いいかげんに、長年共にいると、この質問攻めにも慣れてくる。すっかり慣らされたといった方が正しいかも知れない。その結果に思ったことだが、春男の質問には共通点が少ない。というよりも、突拍子がないと言うべきか。

「桜の色が色々あったらいいと思わない?」

 いろんな色があったら、いろんな色の花びらが舞うのか?

「海底に都市を作って住んだら、魚と同じように視力が落ちるのかなぁ、どう思う?」

 知らん。海底都市を造ってから考えろ。

「飛べるのと、深く潜れるのとどっちがいい?」

 両方とも、なにかいいことがあるんだろうか。

「生まれ変わるなら?」

 こいつの編集者にだけはならない。

「天使と悪魔と会うなら?」

 存在するのか証明されてから考える。

 どうして、話を書きながらこれらの質問を考えるのか。オレの方が聞きたい。しかし、中途半端に返事をするとひどい目に遭う。これまでに、何回かあった。

 原稿を目の目で消される。勝手に旅に出る。勝手に作家をやめようとする。

 外からはゴーストライターはでっち上げられる、堕落作家だと言われる、春男の他の担当者は何故か誰も続かない、などなど。

前もって考えているようには思えない。どこから、質問が降ってくるのやら。

 いつも、なにかしら聞かれるので、ついつい答えを考えてしまう習慣が付いた。ところが、よく考えてみると、プライベートなことは聞かれたことがない。
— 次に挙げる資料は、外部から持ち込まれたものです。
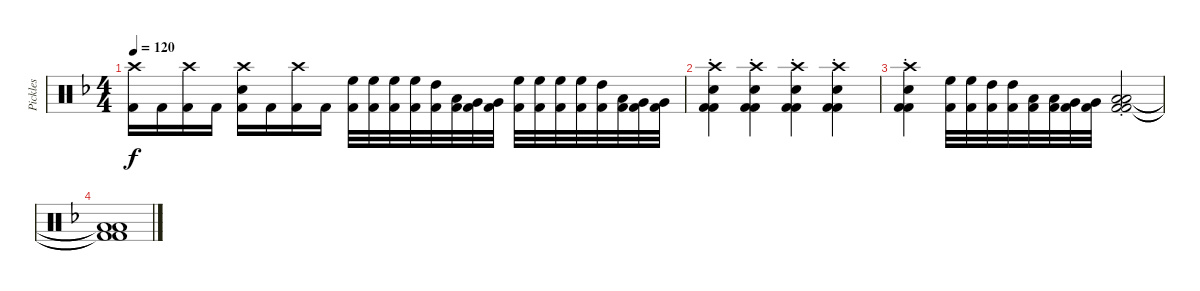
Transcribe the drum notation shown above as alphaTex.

せいぜい、でかける場所くらいなものだ。それも、作品の参考までにきく程度だ。

考えてみるとオレのほうから何か聞くことは少ない。あえて聞くなら、作品の進み具合程度だ。いつも、聞かれてばかりだから、たまにはオレが聞こう。そして、なにかないかと考えた結果がこれだ。

「そんなに質問ばっかり、どうしてするんだ?」

「僕の趣味。」

 あっさりと返事が返ってきて、オレは少なからず落ち込んだ。ちょっとは春男も頭を悩ませるかと期待していたのに。ちっ。

 とりあえず、オレの最近の目標は春男が答えに詰まるような質問を考えることだ。しかし、それでいて、作品の進み具合に影響が出ないもの。なにかないだろうか。そんなことを考えているうちに、二週間がたってしまうのだ。

「なにか、ないか?」

 会社の連中にも聞いてみたが、とくにこれといって思いつかなかったようだ。聞いても意味のないことは聞かないのが一般的と言える。

そこで、春男に聞いてみた。

「そんなに聞いて、どうするんだ?」

「どうもしないよ。あのね。聞くのは僕の自由なんだ。答えるのも君の自由なんだよ。」

「自由?じゃ、答えなくてもいいのか?」

「いいけど、そうすると、電話代がかかるんだよねぇ……ついでに時間も。」

 春男によると、普段、オレのいないときは友人に携帯で聞いているらしい。

 おれは正直、かなり内心驚きだ。

 友人がいたのか!それに答えてくれるような友人が!良い友人だな!オレは改めて、よくわからない奴だとしみじみ思った。